Le temps des illusions. Souvenirs (Juillet 1940-Avril 1942). (1946)
Avant-propos


Une édition électronique réalisée à partir du livre de Henry du Moulin de LaBarthète, Le temps des illusions. Souvenirs (Juillet 1940-Avril 1942). Genève : Les Éditions du cheval ailé, 1946, 438 pp. Bruxelles, Paris : La Diffusion du livre. Une édition numérique réalisée par Michel Bergès, bénévole, directeur de la collection “Civilisations et politique”.

[11]

Le temps des illusions.
Souvenirs (Juillet 1940-Avril 1942)

Avant-propos

Je ne crois pas que ce livre ait besoin d’une longue présentation.

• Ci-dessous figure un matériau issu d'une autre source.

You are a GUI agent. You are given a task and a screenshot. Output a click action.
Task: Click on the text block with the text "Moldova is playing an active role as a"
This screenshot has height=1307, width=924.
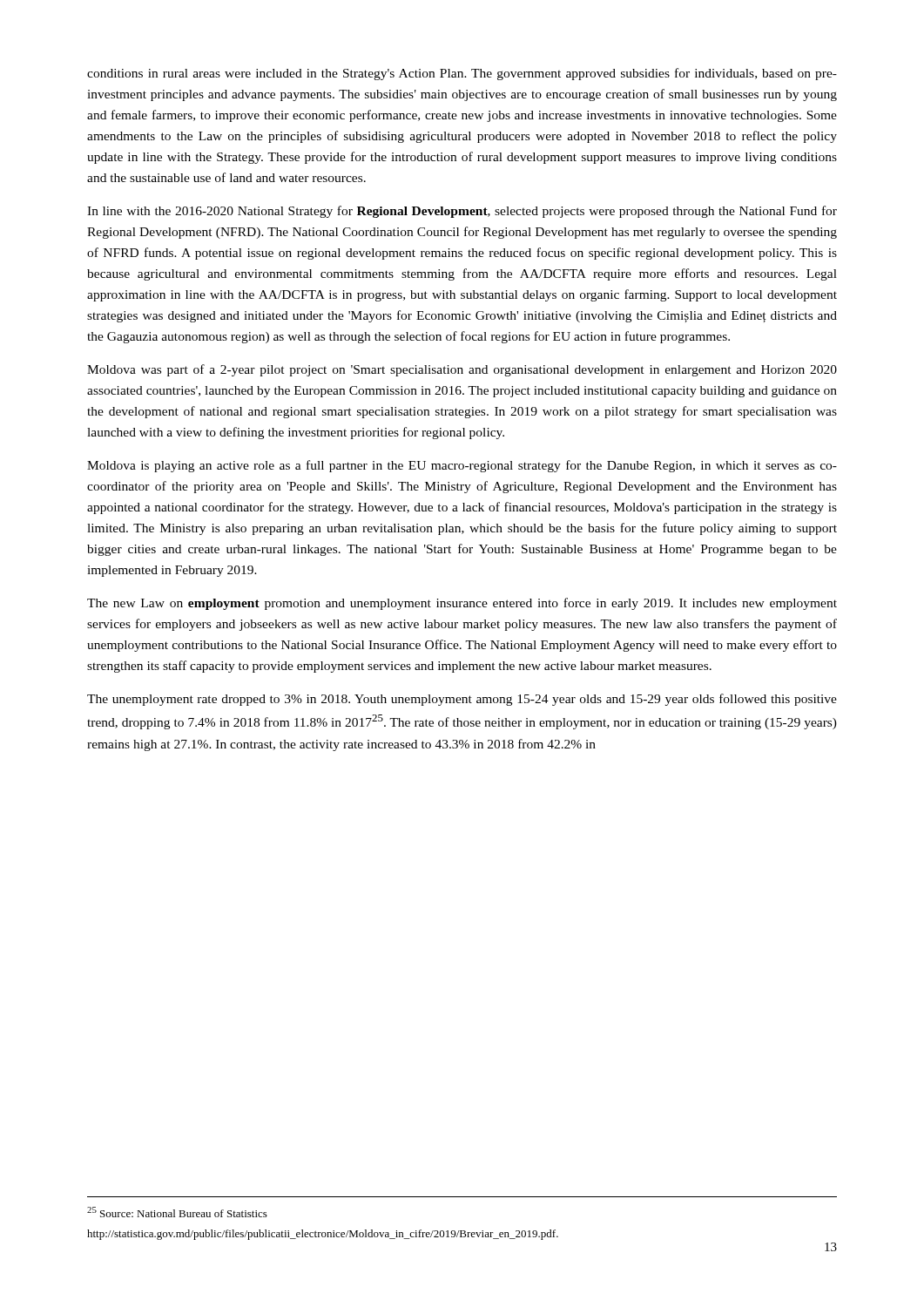coord(462,518)

Il n’est fait, au fond, que de souvenirs. Et, comme pour beaucoup de souvenirs, son introduction pourrait tenir en quelques lignes : « J’étais à tel endroit, j’ai vu telles et telles choses, tels et tels gens. Je les ai dépeints comme je les ai vus, avec le souci de l’exactitude, avec les ressources de mon tempérament. J’ai pu commettre des erreurs, des injustices. D’autres livres viendront, qui compléteront, qui réduiront, qui rectifieront. Et la vérité, l’humaine vérité, se dégagera, dans quelques années, de la pluralité des témoignages, de la confrontation des textes. »

Une telle modestie dans l’approximation s’impose, surtout, aux observateurs des grandes crises politiques. Quelque bien placés qu’ils aient été – je crois l’avoir été pour la première période de Vichy – ils n’ont pas pu tout voir, tout entendre ; ils ont pu ne pas s’affranchir de réactions trop personnelles. Une marge assez épaisse d’incertitude leur interdit d’écrire directement pour l’histoire. Il leur reste le droit d’ébaucher des esquisses, le devoir de les présenter sous le jour le plus fidèle, l’espoir de les voir justifiées par le jugement de l’avenir…

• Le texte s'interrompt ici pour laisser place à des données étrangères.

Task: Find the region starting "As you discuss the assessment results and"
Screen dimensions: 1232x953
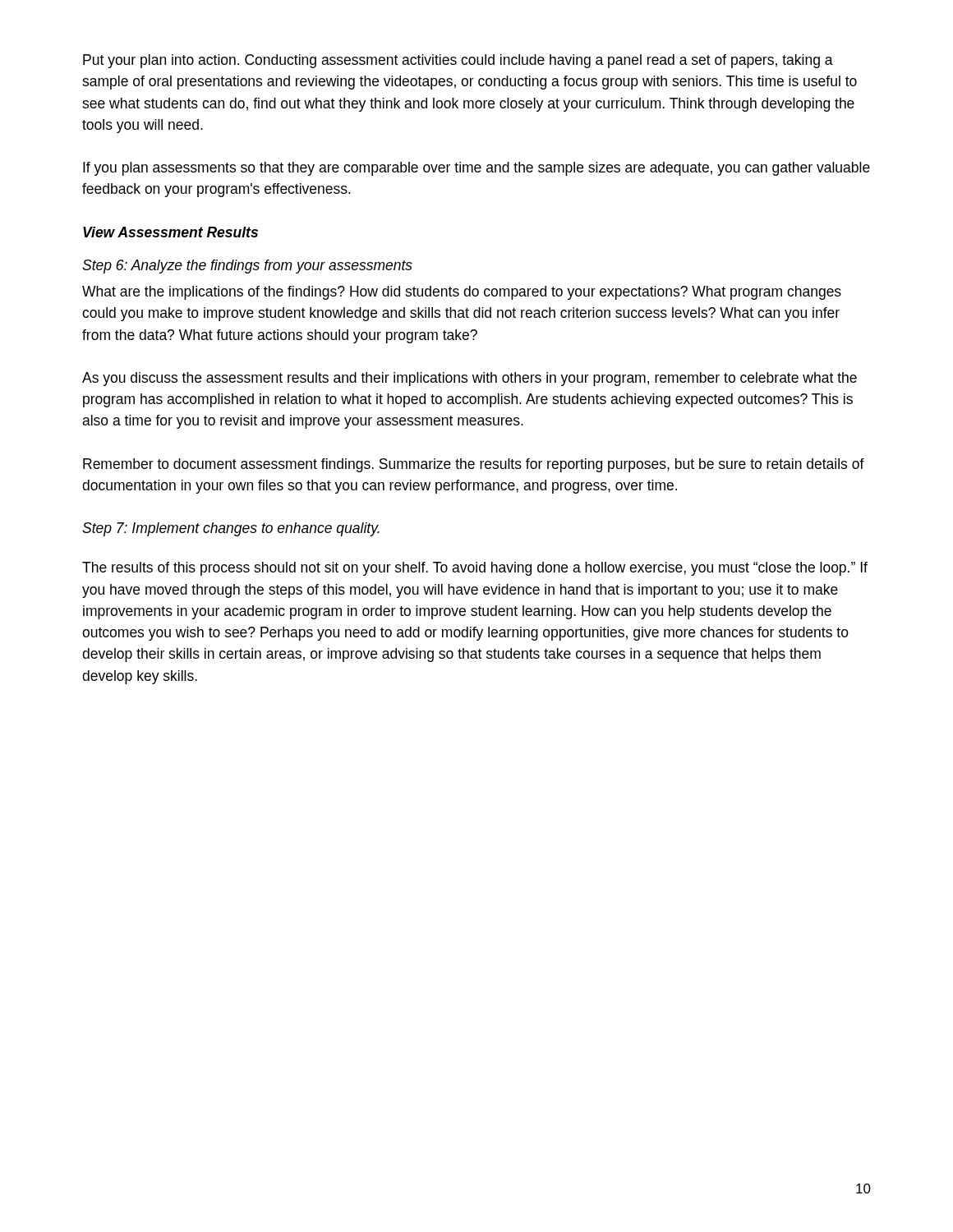Action: [470, 399]

Est-ce à dire que des souvenirs aient besoin, comme l’histoire elle-même, d’un certain recul ? Je ne le pense pas. Leur qualité tient, surtout, à leur fraîcheur. Et le travail de criblage de l’historien s’exercera, plus volontiers, sur une matière encore en fusion. À tenir trop longtemps leur mémoire en suspens, les auteurs de souvenirs s’exposeraient à de fâcheuses défaillances.

Tout autre, évidemment, est le problème de la publication. L’opportunité y tient une place, dont la simple rédaction n’a pas à se soucier. [12] L’opportunité et les convenances. J’aurais eu d’autant moins d’excuses à n’y point porter mon attention, que les événements de ce récit appartiennent à l’une des périodes les plus récentes, les plus troublées, les moins connues de l’histoire contemporaine. Les passions ne se sont pas encore éteintes. La France n’a pas retrouvé tout son équilibre. Beaucoup d’hommes et de femmes, blessés, torturés, anémiés, souffrent toujours dans leur chair. D’autres expient, souvent, dans leurs cellules, le seul crime de s’être dévoués trop tôt au redressement du pays. Fallait-il jeter ces sarments sur une cendre encore chaude ? Fallait-il risquer d’ajouter, par un crayon trop appuyé, à tant d’épuisantes querelles ?

L’objection m’eût retenu, et sans doute arrêté, s’il s’était agi d’un livre de polémique. Mais ce livre n’est pas un livre de polémique. Il ne contient, ou presque, que des descriptions. Et je crois à la vertu sédative des descriptions. Je crois qu’il est possible, sans heurter des susceptibilités trop vives, sans ranimer de trop cruelles blessures, de décrire simplement les choses telles qu’elles se sont passées, de présenter avec sérénité la relation de faits, qui n’ont souvent ému l’opinion que parce qu’elle ne les a qu’imparfaitement saisis ou qu’elle en a tiré de trop rapides conclusions.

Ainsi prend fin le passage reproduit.